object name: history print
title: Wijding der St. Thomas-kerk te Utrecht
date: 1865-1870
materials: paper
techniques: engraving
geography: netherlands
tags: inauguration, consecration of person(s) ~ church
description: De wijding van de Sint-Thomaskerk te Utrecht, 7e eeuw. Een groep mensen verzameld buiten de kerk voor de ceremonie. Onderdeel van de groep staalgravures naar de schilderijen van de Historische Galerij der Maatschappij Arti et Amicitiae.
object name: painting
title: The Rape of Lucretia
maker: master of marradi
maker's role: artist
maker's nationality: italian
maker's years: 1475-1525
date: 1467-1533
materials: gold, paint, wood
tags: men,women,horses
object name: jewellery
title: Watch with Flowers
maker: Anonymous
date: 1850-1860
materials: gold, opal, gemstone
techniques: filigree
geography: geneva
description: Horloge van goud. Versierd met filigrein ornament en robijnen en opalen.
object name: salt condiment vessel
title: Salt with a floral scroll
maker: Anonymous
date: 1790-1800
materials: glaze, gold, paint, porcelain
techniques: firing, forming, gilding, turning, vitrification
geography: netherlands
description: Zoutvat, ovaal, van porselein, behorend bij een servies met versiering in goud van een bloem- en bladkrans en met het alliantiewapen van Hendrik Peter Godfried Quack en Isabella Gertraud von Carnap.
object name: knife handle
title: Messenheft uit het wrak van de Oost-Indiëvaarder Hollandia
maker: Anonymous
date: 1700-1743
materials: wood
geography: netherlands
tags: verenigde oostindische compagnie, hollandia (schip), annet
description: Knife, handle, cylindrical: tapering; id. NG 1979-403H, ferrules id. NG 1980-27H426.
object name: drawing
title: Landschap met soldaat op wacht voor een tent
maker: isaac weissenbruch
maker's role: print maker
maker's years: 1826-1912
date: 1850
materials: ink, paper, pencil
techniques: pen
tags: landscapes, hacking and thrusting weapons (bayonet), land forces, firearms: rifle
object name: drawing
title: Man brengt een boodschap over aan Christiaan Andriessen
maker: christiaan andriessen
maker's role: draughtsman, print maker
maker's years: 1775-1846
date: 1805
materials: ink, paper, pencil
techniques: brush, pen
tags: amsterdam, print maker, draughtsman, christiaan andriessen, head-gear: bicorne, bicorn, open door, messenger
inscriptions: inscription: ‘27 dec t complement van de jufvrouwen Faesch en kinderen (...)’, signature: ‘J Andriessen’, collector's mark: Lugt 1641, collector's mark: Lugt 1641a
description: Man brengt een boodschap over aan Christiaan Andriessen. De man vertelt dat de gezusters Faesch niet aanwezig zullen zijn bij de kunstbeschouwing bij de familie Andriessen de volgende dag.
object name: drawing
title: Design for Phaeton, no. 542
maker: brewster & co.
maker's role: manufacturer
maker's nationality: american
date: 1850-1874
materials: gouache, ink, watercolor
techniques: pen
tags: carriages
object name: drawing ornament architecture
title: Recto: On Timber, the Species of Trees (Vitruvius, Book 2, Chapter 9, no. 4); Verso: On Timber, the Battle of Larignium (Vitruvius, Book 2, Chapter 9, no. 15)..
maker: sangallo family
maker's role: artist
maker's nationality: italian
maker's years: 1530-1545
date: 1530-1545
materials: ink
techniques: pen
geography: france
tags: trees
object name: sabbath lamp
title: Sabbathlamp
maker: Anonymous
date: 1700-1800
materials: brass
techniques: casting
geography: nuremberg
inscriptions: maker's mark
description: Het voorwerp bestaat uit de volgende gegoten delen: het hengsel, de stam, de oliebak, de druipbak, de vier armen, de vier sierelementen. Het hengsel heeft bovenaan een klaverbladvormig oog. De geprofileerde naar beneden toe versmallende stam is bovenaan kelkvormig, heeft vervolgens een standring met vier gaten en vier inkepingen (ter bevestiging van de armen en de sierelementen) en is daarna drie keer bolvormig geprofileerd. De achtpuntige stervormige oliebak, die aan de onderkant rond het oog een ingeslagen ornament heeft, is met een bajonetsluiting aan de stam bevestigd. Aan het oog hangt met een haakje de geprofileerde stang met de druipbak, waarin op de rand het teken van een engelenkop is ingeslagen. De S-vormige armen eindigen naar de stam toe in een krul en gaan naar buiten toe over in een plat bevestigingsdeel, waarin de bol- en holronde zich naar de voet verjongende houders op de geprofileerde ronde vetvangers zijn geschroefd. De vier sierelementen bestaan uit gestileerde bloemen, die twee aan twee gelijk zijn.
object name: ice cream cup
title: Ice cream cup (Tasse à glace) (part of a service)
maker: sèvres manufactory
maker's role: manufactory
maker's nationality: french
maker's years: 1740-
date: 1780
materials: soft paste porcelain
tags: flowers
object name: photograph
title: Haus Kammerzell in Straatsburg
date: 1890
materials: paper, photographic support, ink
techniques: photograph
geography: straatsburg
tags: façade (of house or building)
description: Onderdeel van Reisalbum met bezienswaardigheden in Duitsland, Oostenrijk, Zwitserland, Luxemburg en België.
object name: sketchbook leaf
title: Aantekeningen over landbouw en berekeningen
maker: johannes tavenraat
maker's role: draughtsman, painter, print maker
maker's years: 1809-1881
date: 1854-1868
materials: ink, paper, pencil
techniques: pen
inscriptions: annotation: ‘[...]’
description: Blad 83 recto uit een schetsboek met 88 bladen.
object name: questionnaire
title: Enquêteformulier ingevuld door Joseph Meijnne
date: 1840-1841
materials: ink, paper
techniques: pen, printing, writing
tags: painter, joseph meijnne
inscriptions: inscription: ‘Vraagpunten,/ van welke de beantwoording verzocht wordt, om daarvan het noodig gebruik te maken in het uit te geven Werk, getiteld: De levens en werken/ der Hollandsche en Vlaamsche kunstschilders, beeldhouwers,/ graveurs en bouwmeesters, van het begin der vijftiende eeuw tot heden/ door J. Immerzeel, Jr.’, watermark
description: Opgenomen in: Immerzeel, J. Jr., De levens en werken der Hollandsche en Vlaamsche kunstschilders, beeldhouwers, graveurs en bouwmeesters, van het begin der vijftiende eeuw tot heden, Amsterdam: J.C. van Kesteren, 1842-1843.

# WHAT TO WORK ON
Would you print exactly and only the lines of the material above that run from the line with "inscriptions: maker's mark" through the line with "date: 1840-1841", both included?

# WRITTEN SOLUTION
inscriptions: maker's mark
description: Het voorwerp bestaat uit de volgende gegoten delen: het hengsel, de stam, de oliebak, de druipbak, de vier armen, de vier sierelementen. Het hengsel heeft bovenaan een klaverbladvormig oog. De geprofileerde naar beneden toe versmallende stam is bovenaan kelkvormig, heeft vervolgens een standring met vier gaten en vier inkepingen (ter bevestiging van de armen en de sierelementen) en is daarna drie keer bolvormig geprofileerd. De achtpuntige stervormige oliebak, die aan de onderkant rond het oog een ingeslagen ornament heeft, is met een bajonetsluiting aan de stam bevestigd. Aan het oog hangt met een haakje de geprofileerde stang met de druipbak, waarin op de rand het teken van een engelenkop is ingeslagen. De S-vormige armen eindigen naar de stam toe in een krul en gaan naar buiten toe over in een plat bevestigingsdeel, waarin de bol- en holronde zich naar de voet verjongende houders op de geprofileerde ronde vetvangers zijn geschroefd. De vier sierelementen bestaan uit gestileerde bloemen, die twee aan twee gelijk zijn.
object name: ice cream cup
title: Ice cream cup (Tasse à glace) (part of a service)
maker: sèvres manufactory
maker's role: manufactory
maker's nationality: french
maker's years: 1740-
date: 1780
materials: soft paste porcelain
tags: flowers
object name: photograph
title: Haus Kammerzell in Straatsburg
date: 1890
materials: paper, photographic support, ink
techniques: photograph
geography: straatsburg
tags: façade (of house or building)
description: Onderdeel van Reisalbum met bezienswaardigheden in Duitsland, Oostenrijk, Zwitserland, Luxemburg en België.
object name: sketchbook leaf
title: Aantekeningen over landbouw en berekeningen
maker: johannes tavenraat
maker's role: draughtsman, painter, print maker
maker's years: 1809-1881
date: 1854-1868
materials: ink, paper, pencil
techniques: pen
inscriptions: annotation: ‘[...]’
description: Blad 83 recto uit een schetsboek met 88 bladen.
object name: questionnaire
title: Enquêteformulier ingevuld door Joseph Meijnne
date: 1840-1841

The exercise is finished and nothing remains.